Ed eccomi qui, eccomi di nuovo qui a scrivere sul blog. Dopo l’intervallo estivo, periodo in cui confesso di essermela presa comoda – in altre faccende affaccendato – eccomi che torno ad arricchire di pensieri e parole la mia piccola valigia dell’artista. Eccomi che torno a raccontarvi l’arte moderna e contemporanea condendo il discorso di considerazioni personali e qualche digressione fantasiosa.

Autoritratto
Mario Sironi
1904. Carboncino su carta

L’ispirazione per il primo articolo della rentrée, come si dice in francese, mi è stata fornita da una mostra che ho visitato a metà agosto, quando di ritorno da dieci giorni sulla costa ligure ho trascorso un weekend a Milano. Nella città svuotata dall’abituale folla di gente che si affretta al lavoro, placato il turbinio di macchine e camion che quotidianamente intasano la tangenziale, messa in pausa l’inarrestabile corsa al successo del capoluogo lombardo, io mi recavo al Museo del Novecento di Piazza del Duomo per scoprire la retrospettiva su Mario Sironi.
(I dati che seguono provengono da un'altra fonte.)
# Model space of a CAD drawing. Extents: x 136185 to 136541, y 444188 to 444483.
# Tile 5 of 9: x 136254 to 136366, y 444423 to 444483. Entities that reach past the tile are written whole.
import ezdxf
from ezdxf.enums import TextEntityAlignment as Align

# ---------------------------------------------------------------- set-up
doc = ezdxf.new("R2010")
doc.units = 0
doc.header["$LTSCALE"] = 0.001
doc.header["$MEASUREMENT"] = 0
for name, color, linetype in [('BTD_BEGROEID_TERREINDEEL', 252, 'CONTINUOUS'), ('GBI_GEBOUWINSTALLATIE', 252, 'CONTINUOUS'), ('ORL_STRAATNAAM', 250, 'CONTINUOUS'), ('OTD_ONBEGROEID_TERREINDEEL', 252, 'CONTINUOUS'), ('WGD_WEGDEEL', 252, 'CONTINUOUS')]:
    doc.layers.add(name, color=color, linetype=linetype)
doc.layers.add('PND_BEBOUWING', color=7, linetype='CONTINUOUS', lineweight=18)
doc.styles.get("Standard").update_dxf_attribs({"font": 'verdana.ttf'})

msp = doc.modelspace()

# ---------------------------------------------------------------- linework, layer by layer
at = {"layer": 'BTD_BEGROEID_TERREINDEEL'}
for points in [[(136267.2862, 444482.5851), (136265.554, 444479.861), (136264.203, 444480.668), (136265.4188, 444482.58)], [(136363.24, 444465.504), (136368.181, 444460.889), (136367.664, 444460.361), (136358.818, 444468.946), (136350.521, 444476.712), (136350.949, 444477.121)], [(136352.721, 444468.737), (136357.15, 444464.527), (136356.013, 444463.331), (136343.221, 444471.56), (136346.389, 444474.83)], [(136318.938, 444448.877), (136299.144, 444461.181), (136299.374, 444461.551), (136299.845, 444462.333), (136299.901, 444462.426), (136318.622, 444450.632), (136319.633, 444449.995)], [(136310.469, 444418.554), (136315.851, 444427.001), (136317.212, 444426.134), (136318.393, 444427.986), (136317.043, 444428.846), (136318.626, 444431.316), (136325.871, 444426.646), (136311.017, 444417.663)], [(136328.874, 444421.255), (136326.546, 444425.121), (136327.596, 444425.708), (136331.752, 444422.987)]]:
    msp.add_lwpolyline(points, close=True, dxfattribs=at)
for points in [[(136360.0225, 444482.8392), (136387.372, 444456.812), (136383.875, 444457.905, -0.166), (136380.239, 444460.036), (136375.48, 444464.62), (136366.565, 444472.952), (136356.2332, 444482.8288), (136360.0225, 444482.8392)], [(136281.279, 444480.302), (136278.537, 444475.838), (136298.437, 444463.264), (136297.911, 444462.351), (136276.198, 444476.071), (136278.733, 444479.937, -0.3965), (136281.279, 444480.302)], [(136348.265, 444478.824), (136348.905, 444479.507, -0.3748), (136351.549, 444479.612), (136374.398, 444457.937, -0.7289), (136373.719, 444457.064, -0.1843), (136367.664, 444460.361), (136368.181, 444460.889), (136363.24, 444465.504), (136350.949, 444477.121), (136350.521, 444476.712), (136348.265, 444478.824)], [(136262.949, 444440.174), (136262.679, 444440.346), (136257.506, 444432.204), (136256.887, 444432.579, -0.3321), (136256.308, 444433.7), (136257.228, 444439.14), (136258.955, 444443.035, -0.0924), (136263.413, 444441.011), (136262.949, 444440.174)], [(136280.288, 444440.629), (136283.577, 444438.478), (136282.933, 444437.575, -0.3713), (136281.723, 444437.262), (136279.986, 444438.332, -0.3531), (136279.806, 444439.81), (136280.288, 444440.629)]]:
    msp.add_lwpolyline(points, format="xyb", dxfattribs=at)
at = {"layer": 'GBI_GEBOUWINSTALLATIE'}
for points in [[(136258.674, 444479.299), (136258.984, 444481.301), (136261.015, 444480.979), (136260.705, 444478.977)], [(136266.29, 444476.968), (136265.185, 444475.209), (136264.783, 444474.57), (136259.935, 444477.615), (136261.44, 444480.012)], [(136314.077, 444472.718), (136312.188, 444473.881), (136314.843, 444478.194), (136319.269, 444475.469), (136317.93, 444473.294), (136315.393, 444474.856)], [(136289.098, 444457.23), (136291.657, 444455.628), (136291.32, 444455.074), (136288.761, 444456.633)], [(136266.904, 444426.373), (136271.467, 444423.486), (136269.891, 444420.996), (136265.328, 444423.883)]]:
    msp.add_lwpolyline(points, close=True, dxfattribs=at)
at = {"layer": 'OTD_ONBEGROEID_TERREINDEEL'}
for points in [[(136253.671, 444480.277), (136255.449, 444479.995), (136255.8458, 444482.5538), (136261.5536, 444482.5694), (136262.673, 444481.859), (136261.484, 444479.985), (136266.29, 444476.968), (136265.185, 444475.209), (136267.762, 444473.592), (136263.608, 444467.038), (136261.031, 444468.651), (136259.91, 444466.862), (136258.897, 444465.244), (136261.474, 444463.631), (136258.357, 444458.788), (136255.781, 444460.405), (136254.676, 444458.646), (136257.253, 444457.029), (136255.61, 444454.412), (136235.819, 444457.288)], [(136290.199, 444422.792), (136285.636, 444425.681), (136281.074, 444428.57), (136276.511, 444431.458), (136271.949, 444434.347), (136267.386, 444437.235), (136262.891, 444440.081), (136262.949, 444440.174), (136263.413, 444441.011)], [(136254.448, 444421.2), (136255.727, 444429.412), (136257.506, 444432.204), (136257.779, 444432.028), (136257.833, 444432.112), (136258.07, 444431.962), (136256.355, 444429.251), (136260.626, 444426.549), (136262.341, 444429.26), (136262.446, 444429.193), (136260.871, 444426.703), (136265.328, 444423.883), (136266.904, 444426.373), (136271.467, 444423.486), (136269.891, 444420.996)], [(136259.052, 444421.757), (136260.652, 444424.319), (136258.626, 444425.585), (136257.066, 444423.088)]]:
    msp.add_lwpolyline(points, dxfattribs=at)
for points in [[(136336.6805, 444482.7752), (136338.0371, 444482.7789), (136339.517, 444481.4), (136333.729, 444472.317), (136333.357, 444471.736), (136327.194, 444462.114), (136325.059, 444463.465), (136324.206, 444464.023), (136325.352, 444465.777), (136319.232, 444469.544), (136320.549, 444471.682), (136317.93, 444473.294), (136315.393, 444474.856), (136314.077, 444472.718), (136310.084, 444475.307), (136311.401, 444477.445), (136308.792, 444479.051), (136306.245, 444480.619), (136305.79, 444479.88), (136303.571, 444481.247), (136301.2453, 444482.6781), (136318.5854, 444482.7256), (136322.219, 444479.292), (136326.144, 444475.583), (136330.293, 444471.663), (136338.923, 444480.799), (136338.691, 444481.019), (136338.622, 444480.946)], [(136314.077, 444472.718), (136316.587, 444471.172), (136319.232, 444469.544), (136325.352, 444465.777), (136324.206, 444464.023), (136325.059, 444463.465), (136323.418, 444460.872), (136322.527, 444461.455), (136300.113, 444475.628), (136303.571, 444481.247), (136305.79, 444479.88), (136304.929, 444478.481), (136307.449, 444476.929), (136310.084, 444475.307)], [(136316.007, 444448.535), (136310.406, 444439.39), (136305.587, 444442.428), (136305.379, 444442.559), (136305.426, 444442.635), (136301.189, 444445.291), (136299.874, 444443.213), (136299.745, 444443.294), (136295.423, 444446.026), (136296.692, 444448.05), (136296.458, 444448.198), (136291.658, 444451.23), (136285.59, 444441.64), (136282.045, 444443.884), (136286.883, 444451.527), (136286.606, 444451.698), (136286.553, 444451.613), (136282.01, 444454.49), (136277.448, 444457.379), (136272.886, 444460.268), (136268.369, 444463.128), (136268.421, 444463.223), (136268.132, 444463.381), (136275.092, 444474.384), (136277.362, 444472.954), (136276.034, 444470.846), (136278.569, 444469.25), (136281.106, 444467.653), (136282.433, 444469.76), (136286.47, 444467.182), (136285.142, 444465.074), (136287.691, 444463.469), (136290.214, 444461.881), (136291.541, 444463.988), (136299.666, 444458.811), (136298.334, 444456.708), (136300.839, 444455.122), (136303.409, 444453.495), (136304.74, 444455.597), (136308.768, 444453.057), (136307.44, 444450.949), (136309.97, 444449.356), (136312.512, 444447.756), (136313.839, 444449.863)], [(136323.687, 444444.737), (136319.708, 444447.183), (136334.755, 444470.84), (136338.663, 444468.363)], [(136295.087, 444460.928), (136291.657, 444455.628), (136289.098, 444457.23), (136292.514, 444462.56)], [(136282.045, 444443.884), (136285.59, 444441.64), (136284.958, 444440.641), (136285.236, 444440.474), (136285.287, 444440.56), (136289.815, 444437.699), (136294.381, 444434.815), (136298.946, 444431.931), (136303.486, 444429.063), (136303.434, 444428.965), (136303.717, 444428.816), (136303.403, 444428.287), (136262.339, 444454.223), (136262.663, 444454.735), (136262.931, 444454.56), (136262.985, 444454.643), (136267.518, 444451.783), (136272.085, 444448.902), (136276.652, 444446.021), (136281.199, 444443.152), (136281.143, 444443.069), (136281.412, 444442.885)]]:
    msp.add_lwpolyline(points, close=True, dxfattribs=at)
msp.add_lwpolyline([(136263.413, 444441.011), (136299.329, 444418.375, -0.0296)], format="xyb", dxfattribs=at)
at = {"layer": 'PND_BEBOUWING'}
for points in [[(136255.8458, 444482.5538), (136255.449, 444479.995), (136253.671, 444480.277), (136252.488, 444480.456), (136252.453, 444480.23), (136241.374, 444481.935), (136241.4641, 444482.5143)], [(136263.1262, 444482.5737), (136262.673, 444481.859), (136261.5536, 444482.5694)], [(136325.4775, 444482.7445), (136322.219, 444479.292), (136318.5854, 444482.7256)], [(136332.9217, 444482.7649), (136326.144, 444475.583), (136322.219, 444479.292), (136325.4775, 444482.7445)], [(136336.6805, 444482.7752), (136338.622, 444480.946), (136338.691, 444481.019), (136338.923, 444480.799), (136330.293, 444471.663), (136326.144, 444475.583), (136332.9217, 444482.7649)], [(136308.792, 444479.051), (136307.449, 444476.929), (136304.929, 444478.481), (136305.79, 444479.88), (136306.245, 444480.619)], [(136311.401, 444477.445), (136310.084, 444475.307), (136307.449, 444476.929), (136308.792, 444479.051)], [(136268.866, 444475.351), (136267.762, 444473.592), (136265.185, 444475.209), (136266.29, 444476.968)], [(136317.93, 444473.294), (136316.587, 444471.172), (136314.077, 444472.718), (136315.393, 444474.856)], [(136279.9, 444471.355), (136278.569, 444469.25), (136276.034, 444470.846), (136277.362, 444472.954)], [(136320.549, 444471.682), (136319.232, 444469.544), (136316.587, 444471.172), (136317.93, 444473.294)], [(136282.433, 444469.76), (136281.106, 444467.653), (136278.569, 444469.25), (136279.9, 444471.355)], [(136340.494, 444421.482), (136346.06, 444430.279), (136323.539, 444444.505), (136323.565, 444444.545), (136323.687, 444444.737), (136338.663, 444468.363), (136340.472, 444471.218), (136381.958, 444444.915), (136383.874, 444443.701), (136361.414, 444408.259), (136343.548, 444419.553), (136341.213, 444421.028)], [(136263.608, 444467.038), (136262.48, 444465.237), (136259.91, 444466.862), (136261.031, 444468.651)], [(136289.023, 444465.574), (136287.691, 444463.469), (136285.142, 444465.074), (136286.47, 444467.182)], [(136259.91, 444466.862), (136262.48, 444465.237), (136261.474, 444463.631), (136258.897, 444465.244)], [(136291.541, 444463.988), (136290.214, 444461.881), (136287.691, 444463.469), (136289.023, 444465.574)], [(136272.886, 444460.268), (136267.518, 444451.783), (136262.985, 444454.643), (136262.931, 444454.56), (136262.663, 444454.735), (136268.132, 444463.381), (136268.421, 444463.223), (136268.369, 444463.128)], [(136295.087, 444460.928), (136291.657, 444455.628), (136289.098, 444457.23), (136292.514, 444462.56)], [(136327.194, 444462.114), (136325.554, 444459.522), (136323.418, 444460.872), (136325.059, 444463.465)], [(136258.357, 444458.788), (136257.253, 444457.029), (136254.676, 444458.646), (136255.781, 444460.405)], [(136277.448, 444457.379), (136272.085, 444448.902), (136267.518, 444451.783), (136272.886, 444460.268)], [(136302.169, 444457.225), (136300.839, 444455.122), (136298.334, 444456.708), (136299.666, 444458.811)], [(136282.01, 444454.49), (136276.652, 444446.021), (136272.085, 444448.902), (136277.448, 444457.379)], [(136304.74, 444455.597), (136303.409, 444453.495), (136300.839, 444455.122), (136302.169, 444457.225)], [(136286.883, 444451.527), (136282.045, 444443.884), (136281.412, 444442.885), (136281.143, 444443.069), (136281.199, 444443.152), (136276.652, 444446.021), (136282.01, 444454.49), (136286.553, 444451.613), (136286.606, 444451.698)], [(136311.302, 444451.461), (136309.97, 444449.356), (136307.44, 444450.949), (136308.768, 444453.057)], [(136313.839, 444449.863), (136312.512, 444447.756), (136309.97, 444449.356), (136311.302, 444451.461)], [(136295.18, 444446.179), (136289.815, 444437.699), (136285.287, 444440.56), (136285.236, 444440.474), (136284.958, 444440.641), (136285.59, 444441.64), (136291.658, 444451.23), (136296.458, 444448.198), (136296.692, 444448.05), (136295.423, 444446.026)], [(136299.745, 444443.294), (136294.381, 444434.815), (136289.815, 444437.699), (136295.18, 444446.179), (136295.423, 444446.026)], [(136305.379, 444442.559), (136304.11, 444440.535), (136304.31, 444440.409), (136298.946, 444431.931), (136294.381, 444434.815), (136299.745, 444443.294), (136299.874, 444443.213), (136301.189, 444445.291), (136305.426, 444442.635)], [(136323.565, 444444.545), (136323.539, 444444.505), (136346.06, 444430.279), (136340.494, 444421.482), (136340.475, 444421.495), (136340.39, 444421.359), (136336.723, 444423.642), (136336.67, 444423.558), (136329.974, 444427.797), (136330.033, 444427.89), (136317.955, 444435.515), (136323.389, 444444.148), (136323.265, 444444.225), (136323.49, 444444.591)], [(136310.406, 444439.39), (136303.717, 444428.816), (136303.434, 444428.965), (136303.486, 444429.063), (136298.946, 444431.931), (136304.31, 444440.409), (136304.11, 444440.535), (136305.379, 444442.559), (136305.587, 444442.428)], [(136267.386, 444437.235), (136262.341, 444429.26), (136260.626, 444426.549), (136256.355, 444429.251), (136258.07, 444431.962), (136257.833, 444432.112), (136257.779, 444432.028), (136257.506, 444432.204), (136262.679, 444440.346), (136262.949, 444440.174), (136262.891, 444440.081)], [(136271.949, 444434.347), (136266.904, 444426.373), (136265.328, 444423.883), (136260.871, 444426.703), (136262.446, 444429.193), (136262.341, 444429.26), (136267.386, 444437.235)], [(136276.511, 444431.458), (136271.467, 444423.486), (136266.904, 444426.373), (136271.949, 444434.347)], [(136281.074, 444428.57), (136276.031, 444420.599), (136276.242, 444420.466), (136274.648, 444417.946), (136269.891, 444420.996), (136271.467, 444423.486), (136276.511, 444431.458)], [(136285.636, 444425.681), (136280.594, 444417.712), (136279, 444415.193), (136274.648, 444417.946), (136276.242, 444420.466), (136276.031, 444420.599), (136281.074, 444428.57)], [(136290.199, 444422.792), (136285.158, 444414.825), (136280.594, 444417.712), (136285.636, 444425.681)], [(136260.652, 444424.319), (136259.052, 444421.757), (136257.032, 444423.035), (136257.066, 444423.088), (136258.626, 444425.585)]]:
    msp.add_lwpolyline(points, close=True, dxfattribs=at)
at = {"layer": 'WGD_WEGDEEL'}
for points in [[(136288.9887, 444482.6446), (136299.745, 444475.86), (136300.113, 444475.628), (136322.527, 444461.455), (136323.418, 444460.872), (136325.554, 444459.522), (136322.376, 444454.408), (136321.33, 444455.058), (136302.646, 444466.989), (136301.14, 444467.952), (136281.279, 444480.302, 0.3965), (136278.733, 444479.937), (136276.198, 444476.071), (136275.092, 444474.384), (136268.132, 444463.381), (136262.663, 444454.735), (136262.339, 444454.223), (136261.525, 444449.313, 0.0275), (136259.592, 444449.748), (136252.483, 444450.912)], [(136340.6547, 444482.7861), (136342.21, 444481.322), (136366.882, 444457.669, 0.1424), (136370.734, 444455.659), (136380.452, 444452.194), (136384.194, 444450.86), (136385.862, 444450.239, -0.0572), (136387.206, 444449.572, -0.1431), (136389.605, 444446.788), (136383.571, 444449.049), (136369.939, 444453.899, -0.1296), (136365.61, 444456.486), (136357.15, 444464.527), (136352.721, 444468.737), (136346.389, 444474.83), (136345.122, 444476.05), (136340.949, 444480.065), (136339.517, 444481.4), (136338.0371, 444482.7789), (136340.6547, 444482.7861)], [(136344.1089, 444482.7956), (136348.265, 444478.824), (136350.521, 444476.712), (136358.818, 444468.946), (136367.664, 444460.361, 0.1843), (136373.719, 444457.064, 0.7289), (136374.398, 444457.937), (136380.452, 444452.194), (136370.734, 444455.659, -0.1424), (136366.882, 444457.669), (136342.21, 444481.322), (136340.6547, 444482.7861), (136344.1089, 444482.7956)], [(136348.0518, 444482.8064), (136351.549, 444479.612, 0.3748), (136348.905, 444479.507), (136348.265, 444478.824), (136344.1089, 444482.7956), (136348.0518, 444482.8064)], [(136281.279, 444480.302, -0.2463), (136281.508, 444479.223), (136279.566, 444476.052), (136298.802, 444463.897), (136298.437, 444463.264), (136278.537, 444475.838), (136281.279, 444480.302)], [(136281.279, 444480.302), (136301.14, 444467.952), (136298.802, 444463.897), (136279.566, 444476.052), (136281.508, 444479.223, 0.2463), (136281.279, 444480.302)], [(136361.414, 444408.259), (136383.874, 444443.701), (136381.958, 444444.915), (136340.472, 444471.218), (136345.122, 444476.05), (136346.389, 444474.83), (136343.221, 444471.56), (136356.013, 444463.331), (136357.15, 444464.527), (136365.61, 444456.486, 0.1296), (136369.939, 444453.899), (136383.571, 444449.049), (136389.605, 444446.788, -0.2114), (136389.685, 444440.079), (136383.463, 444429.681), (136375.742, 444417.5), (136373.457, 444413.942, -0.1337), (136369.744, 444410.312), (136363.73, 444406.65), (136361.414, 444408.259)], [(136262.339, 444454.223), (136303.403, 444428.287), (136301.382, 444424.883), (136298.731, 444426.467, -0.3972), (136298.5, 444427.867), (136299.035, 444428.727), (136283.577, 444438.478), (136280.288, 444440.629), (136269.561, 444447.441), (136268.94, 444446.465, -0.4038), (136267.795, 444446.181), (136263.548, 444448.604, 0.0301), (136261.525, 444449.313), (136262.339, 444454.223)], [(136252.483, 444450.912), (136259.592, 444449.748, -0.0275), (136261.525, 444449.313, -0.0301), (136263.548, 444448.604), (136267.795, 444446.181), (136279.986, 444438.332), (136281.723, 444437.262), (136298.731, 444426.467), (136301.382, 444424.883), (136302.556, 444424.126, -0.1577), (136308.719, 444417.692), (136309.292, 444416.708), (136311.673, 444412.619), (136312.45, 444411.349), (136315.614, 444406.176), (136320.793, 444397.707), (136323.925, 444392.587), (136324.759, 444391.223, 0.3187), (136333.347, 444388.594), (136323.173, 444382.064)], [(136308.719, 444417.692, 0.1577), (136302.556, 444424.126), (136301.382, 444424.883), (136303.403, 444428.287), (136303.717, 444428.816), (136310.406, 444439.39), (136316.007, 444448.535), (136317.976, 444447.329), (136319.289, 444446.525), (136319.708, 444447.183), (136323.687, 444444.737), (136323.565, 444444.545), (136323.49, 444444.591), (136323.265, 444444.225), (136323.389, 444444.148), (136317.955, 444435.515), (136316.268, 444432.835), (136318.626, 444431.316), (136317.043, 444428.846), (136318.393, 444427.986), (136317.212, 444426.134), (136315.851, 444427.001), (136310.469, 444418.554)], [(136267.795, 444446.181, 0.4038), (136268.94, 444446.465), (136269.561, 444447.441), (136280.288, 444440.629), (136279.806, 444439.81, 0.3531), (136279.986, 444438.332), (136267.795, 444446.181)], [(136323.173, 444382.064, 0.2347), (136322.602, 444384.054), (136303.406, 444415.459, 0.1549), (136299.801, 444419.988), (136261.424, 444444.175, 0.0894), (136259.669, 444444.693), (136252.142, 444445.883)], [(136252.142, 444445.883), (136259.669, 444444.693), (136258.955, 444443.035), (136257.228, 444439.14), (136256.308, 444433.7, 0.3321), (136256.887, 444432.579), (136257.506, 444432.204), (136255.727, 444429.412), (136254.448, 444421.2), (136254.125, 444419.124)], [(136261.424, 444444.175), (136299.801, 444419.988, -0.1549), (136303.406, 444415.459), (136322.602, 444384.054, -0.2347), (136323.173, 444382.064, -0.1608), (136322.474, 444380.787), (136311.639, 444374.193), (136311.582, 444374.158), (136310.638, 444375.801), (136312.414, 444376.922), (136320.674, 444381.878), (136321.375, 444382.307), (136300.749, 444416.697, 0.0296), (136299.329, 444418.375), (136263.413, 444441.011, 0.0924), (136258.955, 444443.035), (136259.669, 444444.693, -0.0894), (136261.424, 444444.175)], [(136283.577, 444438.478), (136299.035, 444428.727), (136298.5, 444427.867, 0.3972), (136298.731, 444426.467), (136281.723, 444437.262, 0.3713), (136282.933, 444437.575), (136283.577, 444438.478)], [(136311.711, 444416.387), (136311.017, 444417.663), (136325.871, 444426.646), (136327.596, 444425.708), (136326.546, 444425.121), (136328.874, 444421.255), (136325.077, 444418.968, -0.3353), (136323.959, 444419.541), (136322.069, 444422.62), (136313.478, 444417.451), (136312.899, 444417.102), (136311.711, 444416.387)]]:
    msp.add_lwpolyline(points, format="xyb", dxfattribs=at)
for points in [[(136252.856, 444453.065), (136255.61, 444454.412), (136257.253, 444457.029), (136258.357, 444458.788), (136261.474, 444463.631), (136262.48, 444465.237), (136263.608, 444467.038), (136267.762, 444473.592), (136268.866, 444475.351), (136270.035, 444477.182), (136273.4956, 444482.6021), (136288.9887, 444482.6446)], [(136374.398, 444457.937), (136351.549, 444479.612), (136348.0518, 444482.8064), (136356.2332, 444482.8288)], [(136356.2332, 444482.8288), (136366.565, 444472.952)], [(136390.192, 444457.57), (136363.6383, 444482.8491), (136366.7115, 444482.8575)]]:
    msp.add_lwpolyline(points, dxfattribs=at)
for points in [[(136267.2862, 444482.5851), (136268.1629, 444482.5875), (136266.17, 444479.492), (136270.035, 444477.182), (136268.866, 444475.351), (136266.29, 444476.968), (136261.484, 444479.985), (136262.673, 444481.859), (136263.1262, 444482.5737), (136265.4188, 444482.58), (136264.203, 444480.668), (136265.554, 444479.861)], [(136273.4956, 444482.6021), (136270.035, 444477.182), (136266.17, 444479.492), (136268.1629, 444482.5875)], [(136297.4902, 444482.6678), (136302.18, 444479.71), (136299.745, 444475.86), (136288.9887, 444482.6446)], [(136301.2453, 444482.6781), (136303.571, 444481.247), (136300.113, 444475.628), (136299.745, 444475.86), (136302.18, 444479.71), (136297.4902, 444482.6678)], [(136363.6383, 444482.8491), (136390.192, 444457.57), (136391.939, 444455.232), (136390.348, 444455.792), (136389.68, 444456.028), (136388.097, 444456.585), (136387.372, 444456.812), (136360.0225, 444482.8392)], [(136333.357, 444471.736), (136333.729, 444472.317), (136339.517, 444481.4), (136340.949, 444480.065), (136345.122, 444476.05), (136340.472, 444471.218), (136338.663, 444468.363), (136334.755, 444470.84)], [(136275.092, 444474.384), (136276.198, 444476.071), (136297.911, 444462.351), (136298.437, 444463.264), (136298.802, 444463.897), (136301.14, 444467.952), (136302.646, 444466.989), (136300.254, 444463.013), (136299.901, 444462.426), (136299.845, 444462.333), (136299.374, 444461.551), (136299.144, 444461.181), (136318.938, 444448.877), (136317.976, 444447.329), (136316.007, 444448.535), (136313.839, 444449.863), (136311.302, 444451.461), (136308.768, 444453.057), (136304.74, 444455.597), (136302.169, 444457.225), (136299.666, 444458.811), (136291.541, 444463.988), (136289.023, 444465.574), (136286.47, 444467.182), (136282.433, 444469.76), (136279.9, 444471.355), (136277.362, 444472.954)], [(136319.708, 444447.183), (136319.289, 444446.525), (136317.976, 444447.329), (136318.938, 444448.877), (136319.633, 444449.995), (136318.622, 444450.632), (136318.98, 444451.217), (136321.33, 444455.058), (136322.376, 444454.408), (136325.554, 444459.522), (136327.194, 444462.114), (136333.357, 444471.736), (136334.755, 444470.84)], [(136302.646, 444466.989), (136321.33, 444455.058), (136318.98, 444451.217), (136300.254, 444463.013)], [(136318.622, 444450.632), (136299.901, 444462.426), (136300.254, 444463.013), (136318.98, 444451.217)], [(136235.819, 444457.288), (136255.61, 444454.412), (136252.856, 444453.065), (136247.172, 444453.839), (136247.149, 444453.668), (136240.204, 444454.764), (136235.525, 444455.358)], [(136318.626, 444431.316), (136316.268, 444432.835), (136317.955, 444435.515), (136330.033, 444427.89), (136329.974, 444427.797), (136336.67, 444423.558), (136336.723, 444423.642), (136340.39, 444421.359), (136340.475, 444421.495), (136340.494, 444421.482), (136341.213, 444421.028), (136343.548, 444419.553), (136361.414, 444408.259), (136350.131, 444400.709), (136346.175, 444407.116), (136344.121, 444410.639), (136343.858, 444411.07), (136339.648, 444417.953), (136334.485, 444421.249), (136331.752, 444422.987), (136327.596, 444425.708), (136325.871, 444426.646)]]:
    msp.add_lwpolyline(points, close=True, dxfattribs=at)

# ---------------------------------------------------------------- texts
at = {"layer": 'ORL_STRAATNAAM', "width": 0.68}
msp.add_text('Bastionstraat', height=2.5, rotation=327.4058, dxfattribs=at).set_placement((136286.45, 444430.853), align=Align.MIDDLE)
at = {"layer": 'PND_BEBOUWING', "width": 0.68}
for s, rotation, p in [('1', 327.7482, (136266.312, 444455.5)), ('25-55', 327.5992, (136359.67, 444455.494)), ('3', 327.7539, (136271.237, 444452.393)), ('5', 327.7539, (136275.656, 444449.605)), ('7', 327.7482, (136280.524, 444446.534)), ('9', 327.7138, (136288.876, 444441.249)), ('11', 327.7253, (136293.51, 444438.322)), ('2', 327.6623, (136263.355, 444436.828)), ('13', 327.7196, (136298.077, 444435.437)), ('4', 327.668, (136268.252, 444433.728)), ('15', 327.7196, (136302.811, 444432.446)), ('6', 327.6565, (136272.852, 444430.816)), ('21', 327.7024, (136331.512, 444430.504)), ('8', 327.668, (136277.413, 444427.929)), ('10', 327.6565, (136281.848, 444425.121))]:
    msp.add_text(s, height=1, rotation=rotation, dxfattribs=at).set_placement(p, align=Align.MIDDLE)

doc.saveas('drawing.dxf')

E pensandoci adesso, ripercorrendo nella memoria quei desolati paesaggi dipinti, non avrei potuto scegliere momento più opportuno : perché Sironi è proprio questo, un artista della solitudine, cantore della malinconia, artefice e vittima delle grandi speranze e delle amare disillusioni che attraversarono la prima metà del ventesimo secolo italiano.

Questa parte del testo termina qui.